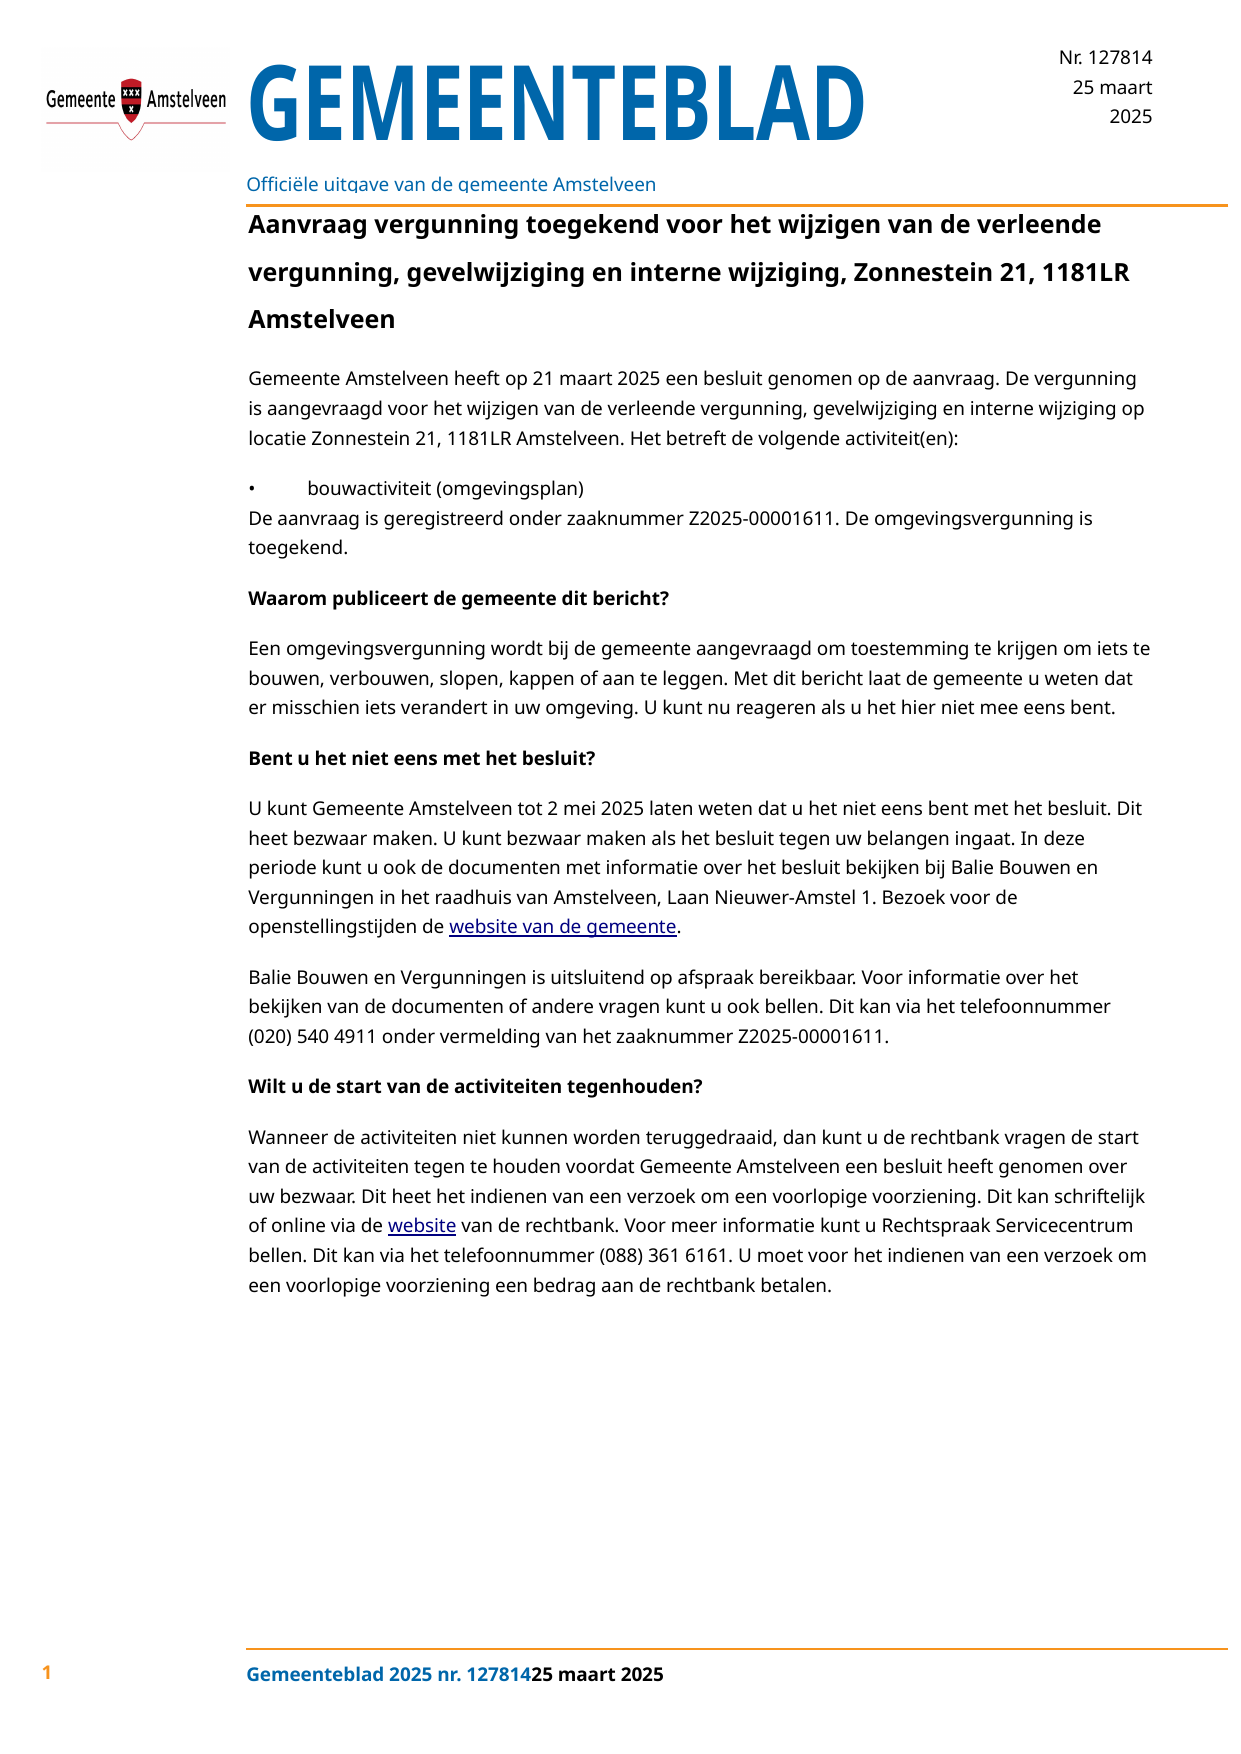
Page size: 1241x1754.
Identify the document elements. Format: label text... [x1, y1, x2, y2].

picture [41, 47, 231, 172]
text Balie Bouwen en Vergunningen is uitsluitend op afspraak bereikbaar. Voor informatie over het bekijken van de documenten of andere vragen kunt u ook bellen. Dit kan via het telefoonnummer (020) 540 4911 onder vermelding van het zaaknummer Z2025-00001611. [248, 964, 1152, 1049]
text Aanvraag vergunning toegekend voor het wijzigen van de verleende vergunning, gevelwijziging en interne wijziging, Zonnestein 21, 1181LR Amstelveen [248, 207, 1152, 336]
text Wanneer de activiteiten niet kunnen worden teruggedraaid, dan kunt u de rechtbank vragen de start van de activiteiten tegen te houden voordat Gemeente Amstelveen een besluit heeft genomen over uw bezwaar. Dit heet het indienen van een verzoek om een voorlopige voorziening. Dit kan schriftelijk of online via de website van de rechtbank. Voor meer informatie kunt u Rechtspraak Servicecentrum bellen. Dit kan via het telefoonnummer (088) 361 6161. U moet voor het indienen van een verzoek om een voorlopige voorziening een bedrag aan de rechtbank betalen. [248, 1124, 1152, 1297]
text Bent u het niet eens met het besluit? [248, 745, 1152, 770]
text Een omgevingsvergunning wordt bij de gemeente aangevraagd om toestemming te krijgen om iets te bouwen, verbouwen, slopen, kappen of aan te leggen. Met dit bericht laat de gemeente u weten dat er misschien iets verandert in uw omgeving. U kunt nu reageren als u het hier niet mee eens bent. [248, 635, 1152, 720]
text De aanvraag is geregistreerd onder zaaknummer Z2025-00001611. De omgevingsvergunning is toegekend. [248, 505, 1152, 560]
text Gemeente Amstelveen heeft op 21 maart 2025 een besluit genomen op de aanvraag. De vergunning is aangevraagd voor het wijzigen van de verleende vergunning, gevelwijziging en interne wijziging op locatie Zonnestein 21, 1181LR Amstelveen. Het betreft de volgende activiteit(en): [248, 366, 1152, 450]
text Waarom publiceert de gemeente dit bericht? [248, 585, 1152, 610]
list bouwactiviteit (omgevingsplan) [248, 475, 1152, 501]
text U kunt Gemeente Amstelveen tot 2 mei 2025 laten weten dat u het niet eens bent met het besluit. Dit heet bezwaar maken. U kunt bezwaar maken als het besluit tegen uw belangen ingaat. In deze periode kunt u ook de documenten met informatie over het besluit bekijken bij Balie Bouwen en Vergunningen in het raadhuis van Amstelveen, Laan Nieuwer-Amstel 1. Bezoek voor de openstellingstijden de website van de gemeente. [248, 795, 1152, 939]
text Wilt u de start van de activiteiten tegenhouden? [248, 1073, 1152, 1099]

★ ★ ★ ★ ★

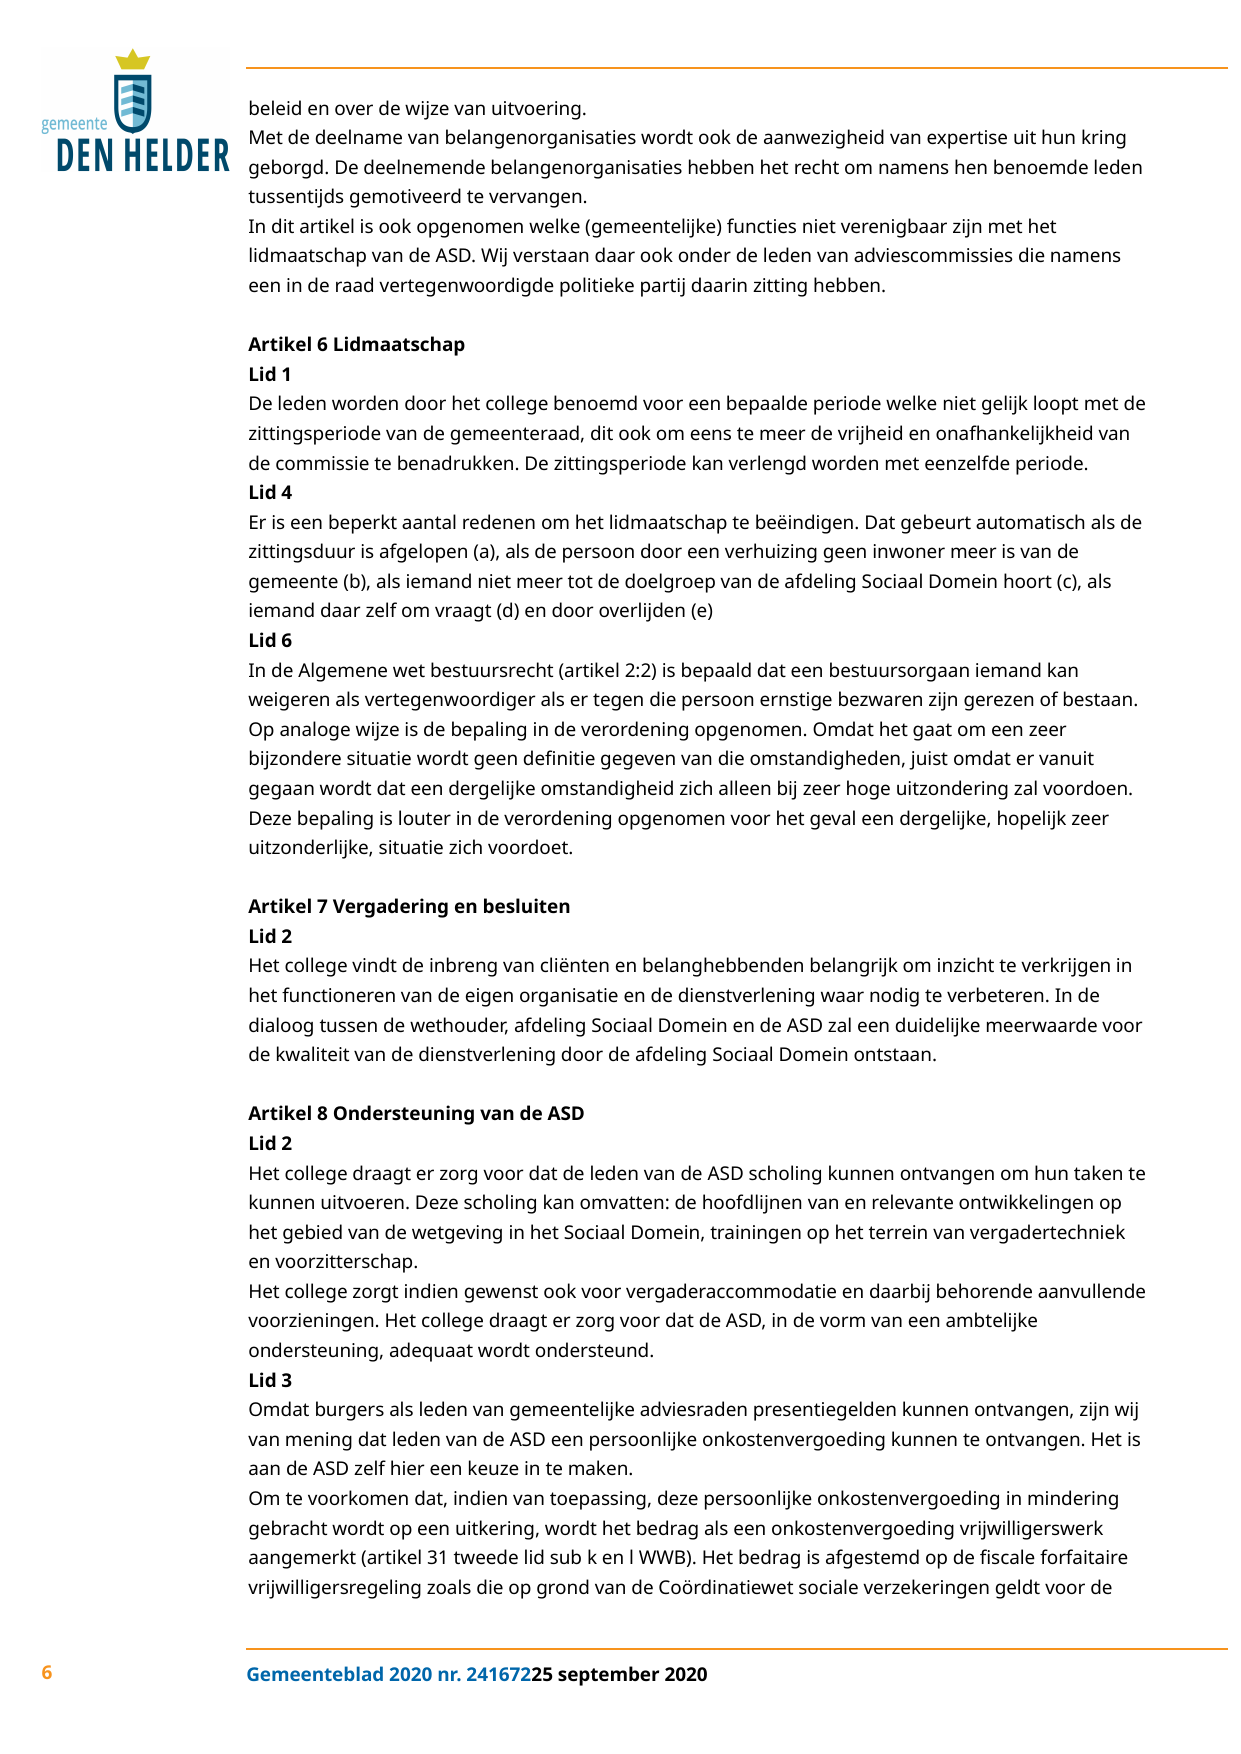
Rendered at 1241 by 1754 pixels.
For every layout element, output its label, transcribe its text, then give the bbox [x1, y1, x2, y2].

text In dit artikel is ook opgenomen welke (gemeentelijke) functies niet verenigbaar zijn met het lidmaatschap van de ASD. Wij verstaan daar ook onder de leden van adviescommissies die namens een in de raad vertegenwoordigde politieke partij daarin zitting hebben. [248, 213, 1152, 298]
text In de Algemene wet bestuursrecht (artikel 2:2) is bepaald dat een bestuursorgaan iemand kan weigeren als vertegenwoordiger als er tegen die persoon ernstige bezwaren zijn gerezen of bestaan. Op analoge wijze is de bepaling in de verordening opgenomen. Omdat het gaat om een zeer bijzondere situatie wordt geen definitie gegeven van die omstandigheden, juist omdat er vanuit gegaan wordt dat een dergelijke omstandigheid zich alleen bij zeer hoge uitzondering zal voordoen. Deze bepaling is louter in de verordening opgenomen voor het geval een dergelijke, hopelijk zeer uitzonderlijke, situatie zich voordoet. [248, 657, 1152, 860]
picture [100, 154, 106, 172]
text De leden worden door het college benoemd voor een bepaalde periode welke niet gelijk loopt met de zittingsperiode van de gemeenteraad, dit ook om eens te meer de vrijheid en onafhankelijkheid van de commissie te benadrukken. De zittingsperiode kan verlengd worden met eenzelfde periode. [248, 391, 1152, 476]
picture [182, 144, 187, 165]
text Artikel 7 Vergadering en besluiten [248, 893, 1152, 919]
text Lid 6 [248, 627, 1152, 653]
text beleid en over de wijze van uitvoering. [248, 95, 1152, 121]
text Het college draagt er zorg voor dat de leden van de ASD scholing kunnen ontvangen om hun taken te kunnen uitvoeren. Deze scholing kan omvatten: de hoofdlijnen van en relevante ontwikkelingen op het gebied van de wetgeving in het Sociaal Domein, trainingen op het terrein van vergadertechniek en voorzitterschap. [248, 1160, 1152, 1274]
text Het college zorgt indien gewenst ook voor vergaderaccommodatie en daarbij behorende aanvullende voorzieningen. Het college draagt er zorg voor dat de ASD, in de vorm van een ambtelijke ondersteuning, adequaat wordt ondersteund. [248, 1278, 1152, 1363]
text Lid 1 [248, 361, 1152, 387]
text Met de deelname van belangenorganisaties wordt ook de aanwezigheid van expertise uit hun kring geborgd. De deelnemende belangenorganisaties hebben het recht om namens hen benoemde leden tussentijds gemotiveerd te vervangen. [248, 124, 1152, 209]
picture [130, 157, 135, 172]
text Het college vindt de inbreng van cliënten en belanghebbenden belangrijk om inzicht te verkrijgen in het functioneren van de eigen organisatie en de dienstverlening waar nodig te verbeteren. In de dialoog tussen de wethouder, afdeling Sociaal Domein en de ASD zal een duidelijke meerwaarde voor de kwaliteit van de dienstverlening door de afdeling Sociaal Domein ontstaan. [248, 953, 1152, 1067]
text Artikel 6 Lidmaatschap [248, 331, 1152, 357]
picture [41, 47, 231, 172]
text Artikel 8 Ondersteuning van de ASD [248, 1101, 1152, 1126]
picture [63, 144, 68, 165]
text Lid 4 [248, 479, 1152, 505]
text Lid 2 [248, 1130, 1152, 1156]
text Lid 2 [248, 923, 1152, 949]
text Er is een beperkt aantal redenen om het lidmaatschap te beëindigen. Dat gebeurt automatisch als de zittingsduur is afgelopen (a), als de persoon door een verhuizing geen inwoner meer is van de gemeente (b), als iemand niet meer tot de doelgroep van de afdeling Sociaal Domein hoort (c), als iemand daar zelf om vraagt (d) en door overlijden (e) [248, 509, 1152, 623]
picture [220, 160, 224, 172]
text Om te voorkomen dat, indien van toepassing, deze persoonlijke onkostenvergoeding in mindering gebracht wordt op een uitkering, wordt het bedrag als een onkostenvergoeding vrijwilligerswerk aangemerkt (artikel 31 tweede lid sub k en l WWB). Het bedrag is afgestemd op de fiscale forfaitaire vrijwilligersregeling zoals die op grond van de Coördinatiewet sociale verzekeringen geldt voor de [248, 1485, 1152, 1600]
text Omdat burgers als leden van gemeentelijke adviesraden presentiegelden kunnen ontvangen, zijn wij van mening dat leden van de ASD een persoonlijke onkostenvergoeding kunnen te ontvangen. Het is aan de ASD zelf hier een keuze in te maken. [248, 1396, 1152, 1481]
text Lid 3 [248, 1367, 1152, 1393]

★ ★ ★ ★ ★

Transcribe, exactly and without additions, the lines of the records above, beginning with the line that contains "text Het college zorgt" and ending with the line that contains "text Lid 1 [248, 361, 1152, 387]", both included.

text Het college zorgt indien gewenst ook voor vergaderaccommodatie en daarbij behorende aanvullende voorzieningen. Het college draagt er zorg voor dat de ASD, in de vorm van een ambtelijke ondersteuning, adequaat wordt ondersteund. [248, 1278, 1152, 1363]
text Lid 1 [248, 361, 1152, 387]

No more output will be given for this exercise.